Мне стало очень нехорошо, на плечи навалилась такая усталость, что сил никаких не было. Я уже знал кто была та девочка. Это наверняка Людмила Веснина. И я так же знал, что надеятся на благополучный исход по их поиску не приходится. Но все это означает, что в городе действуют две группы, снимающие кровавые сценарии? Выходит, что так. Прав Дима – у них один заказчик. Где же он скрывается? Как его найти?

Набрал номер телефона Говорова, но его на месте не оказалось. Позвонил Иванову и сказал, что у меня есть важная информация.

– Приезжай, – ответил он и положил трубку.

Выслушав меня, Сергей Иванович долго молчал, рисуя карандашом какие-то замысловатые фигуры в настольном календаре. Затем мрачно сказал:

– Боюсь, что это не последние жертвы детей. – Встал, прошелся по кабинету. – Одного не пойму – откуда взялся этот режиссер-инвалид?

– Ну мало ли, – пожал я плечами.

– Мало ли, – смешно передразнил меня Сергей Иванович. – Ты мне лучше ответь – этому инвалиду было известно о финале его фильма?

– Конечно. А как же иначе?

– В таком случае за каким хреном он приехал во двор и полчаса выставлялся для всеобщего обозрения?

– А ведь действительно! Я как-то не того, как-то не подумал об этом.

– Все это напоминает мне предыдущего режиссера – красавицу блондинку.

– Но вы ведь сами сказали, что она не женщина.

– И теперь я ещё более укрепился в этом мнении. Она такая же женщина, как этот – инвалид.

– Вы полагаете, что инвалидная коляска и все прочее – инсценировка?

– Убежден в этом. Кто-то хочет нас просто-напросто одурачить. Иначе трудно объяснить действия блондинки и инвалида. Я даже нисколько не удивлюсь, что они оба – одно и то же лицо.

– Но ведь никто даже ничего не заподозрил?! – удивился я очередной версии Иванова.

– Вот и я говорю, что искать этого козла надо не среди красавиц и немощных инвалидов, а среди артистов, к тому же, весьма талантливых.

Глава четвертая: Говоров. Допрос Коржавина.

На прилавке книжного магазина увидел обе свои книжки детективов и очень этому удивился – неужто до сих пор не проданы? Попросил у продавца одну из них, раскрыл на последней странице и обнаружил, что изданы они дополнительным тиражом в десять тысяч экземпляров. Вот те раз! А я об этом ни слухом, ни духом. Позвонил директору издательства.
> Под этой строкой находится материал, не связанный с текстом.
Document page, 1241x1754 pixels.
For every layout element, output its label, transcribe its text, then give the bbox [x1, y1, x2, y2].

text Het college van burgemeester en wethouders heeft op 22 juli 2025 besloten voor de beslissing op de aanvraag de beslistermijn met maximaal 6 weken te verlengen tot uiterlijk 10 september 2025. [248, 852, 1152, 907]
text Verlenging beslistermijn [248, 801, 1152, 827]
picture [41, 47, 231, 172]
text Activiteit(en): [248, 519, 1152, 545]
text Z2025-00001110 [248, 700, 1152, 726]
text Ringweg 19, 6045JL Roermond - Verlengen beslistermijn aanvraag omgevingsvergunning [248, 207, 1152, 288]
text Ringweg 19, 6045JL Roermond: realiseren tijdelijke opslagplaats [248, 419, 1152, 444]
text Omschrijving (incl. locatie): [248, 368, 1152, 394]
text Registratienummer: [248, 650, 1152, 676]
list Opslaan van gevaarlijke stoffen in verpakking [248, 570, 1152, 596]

– Андрей Петрович, рад вас слышать! – обрадовался он. – А мы вас никак не можем найти. Вам тут гонорар причитается.

– И сколько же там мне?

– Десять тысяч. А ещё десять через три месяца. Извините, но у нас сейчас такие порядки.

– Порядки устанавливают люди, а потом на них же и сетуют, – резонно заметил я.
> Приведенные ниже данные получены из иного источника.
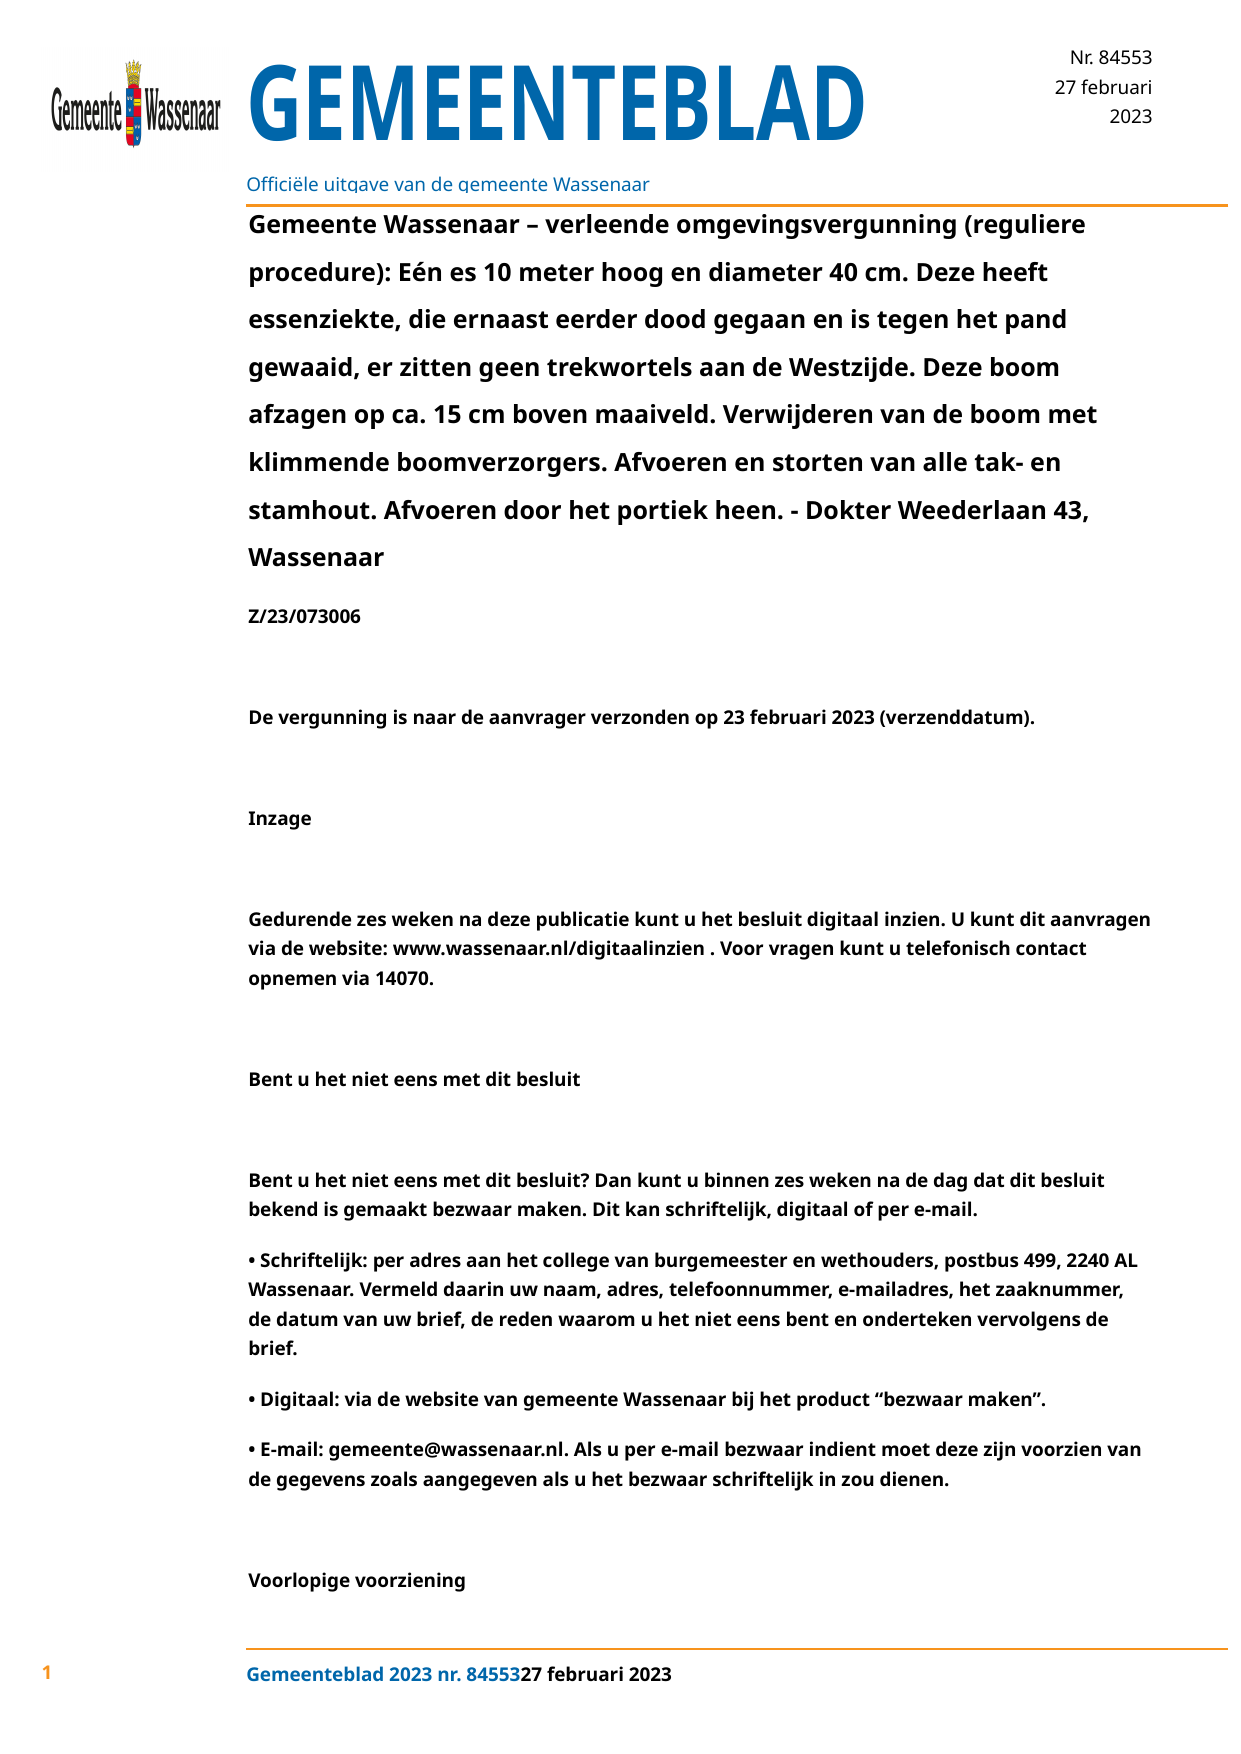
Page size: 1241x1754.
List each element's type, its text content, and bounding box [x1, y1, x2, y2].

text Bent u het niet eens met dit besluit [248, 1066, 1152, 1092]
text Gemeente Wassenaar – verleende omgevingsvergunning (reguliere procedure): Eén es 10 meter hoog en diameter 40 cm. Deze heeft essenziekte, die ernaast eerder dood gegaan en is tegen het pand gewaaid, er zitten geen trekwortels aan de Westzijde. Deze boom afzagen op ca. 15 cm boven maaiveld. Verwijderen van de boom met klimmende boomverzorgers. Afvoeren en storten van alle tak- en stamhout. Afvoeren door het portiek heen. - Dokter Weederlaan 43, Wassenaar [248, 207, 1152, 574]
text • Digitaal: via de website van gemeente Wassenaar bij het product “bezwaar maken”. [248, 1386, 1152, 1412]
picture [41, 47, 231, 172]
text Inzage [248, 805, 1152, 831]
text Bent u het niet eens met dit besluit? Dan kunt u binnen zes weken na de dag dat dit besluit bekend is gemaakt bezwaar maken. Dit kan schriftelijk, digitaal of per e-mail. [248, 1167, 1152, 1222]
text • E-mail: gemeente@wassenaar.nl. Als u per e-mail bezwaar indient moet deze zijn voorzien van de gegevens zoals aangegeven als u het bezwaar schriftelijk in zou dienen. [248, 1436, 1152, 1492]
text De vergunning is naar de aanvrager verzonden op 23 februari 2023 (verzenddatum). [248, 704, 1152, 730]
text Gedurende zes weken na deze publicatie kunt u het besluit digitaal inzien. U kunt dit aanvragen via de website: www.wassenaar.nl/digitaalinzien . Voor vragen kunt u telefonisch contact opnemen via 14070. [248, 906, 1152, 991]
text Z/23/073006 [248, 603, 1152, 629]
text • Schriftelijk: per adres aan het college van burgemeester en wethouders, postbus 499, 2240 AL Wassenaar. Vermeld daarin uw naam, adres, telefoonnummer, e-mailadres, het zaaknummer, de datum van uw brief, de reden waarom u het niet eens bent en onderteken vervolgens de brief. [248, 1247, 1152, 1361]
text Voorlopige voorziening [248, 1567, 1152, 1593]

Но эти слова отчего-то очень рассмешили директора. Просмеявшись, он сказал:

– Веселый вы человек, Андрей Петрович!

– Какое там, – возразил. – Как сказал поэт: "Для веселья планета наша мало оборудована".

– Это конечно так, – согласился директор. – Так мы вас ждем.

– И очень правильно делаете.

Получив гонорар, вышел из издательства в отличном расположении духа, размышляя – куда бы мне потратить так неожиданно свалившиеся деньги? Куплю Тане хорошие духи и свожу в ресторан – решил наконец. Освободившись таким образом от груза личных проблем, стал думать о деле. Вспомнил, что ещё вчера хотел встретиться с барменом ресторана "Центральный", оформить нашу с ним предыдущую беседу протоколом и попросить об одном деликатном одолжении. Потому направил свои стопы прямиком в ресторан. Но там мне сказали, что Коржавин нынче выходной.

Типичного представителя сексуальных меньшинств я нашел дома в печальном настроении и легком подпитии. На нем был импозантный светло-малиновый халат из плотного китайского шелка и модная трехдневная щетина.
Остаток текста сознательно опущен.